Barros-Tizon J.C.,Complexo Hospitalario Universitario Of Vigo |
Torres M.L.,Complexo Hospitalario Universitario Of Vigo |
Blanco I.,Hospital Valle del Nalon |
Martinez M.T.,Hospital Universitario Doce Of Octubre
Therapeutic Advances in Respiratory Disease | Year: 2012
Objective: Severe exacerbations in alpha-1-antitrypsin (AAT)-deficient patients with chronic obstructive pulmonary disease (COPD) and/or emphysema are a major cause of hospitalization. A multicentre, observational, retrospective study was undertaken to evaluate the effect of continuous AAT augmentation therapy in reducing the incidence of exacerbations in these patients.Methods: Patients treated with Trypsone® or Prolastin® for at least 18 months were recruited if their medical records for 18 months before starting augmentation therapy were available. The number of mild and severe exacerbations in the two periods was compared and hospitalization-related costs were analysed.Results: A total of 127 patients were recruited; 75 of them experienced at least one exacerbation in the period prior to augmentation. In the treatment period, the mean number of exacerbations per patient was reduced in both the total population and the population with exacerbations (mean ± SD: 1.2 ± 1.6 versus 1.0 ± 2.2 and 2.0 ± 1.6 versus 1.4 ± 2.7, respectively; p < 0.01). The percentage of patients experiencing exacerbations was reduced in the total population (59.1% versus 44.1%; p < 0.05).

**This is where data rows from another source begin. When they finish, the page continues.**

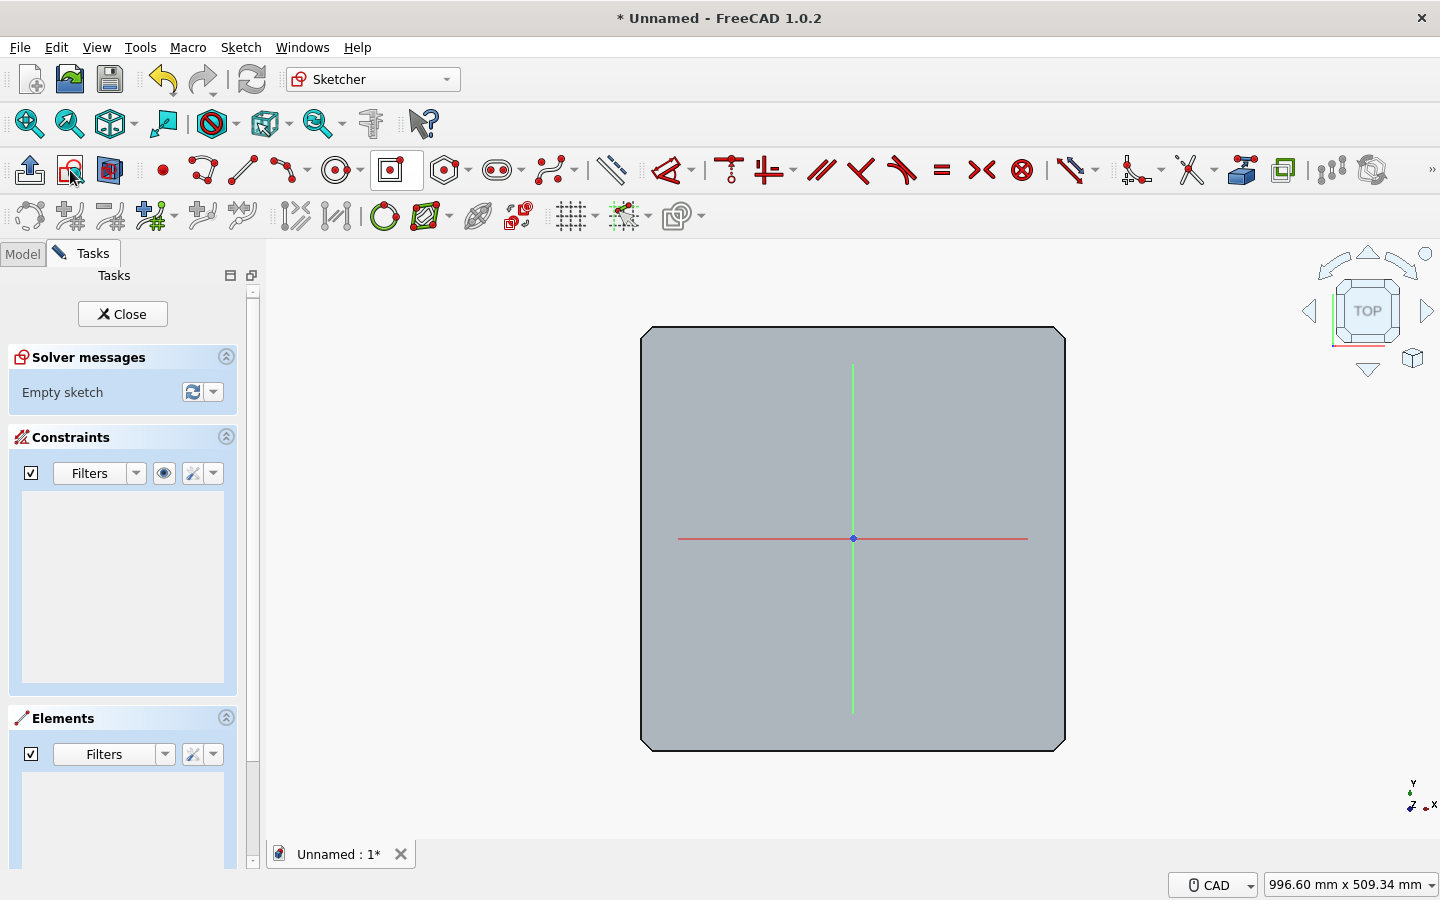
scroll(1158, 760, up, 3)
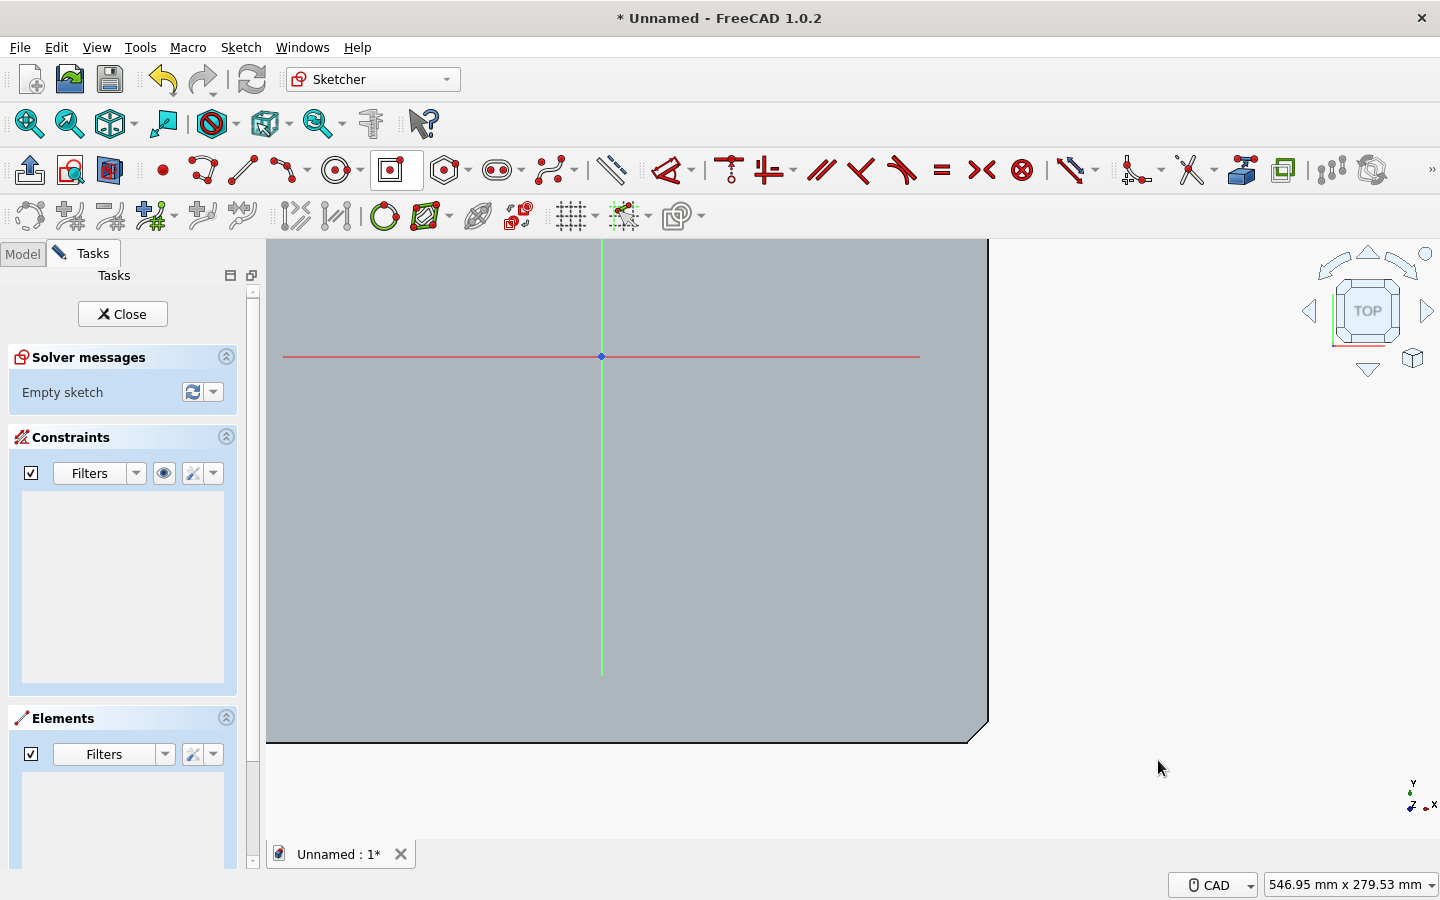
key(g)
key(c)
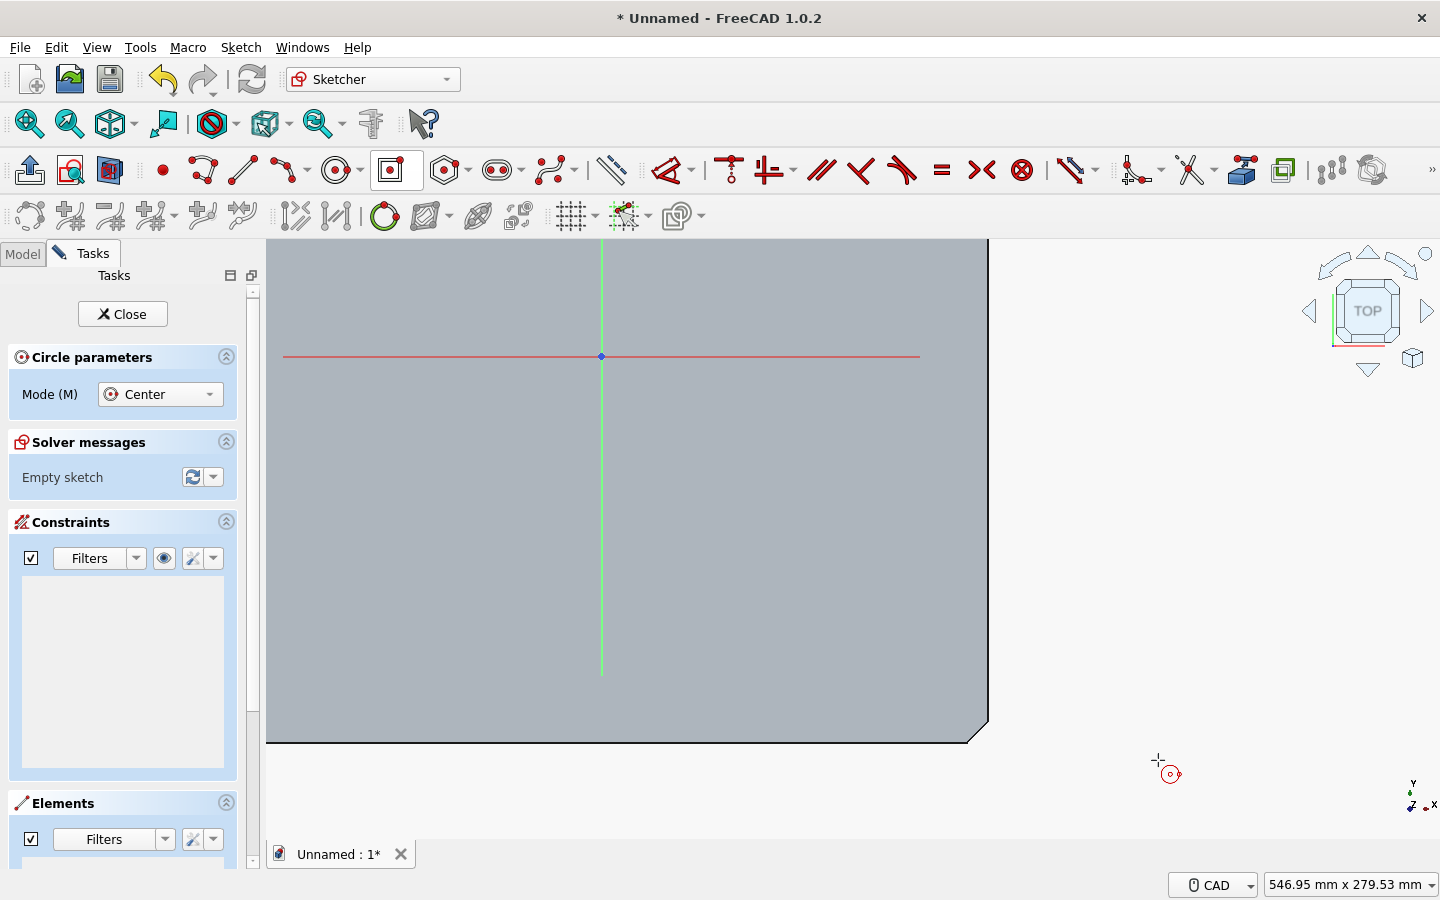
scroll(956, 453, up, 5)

In the patient subgroup of the total population who experienced a change in their number of exacerbations between the two periods, 43.7% had a reduction and 21.4% had an increase (p < 0.01). The number of severe exacerbations diminished in 42.9% of this subgroup and increased in 12.0% (p < 0.001). Most adverse events were nonserious or not related to treatment. Hospitalization costs savings per patient associated with treatment ranged from approximately €400 to €900 (p < 0.05).Conclusions: Augmentation therapy with AAT concentrates was associated with a reduction in the incidence and severity of exacerbations in AAT-deficient patients, which resulted in lower hospitalization expenditures. © The Author(s), 2012.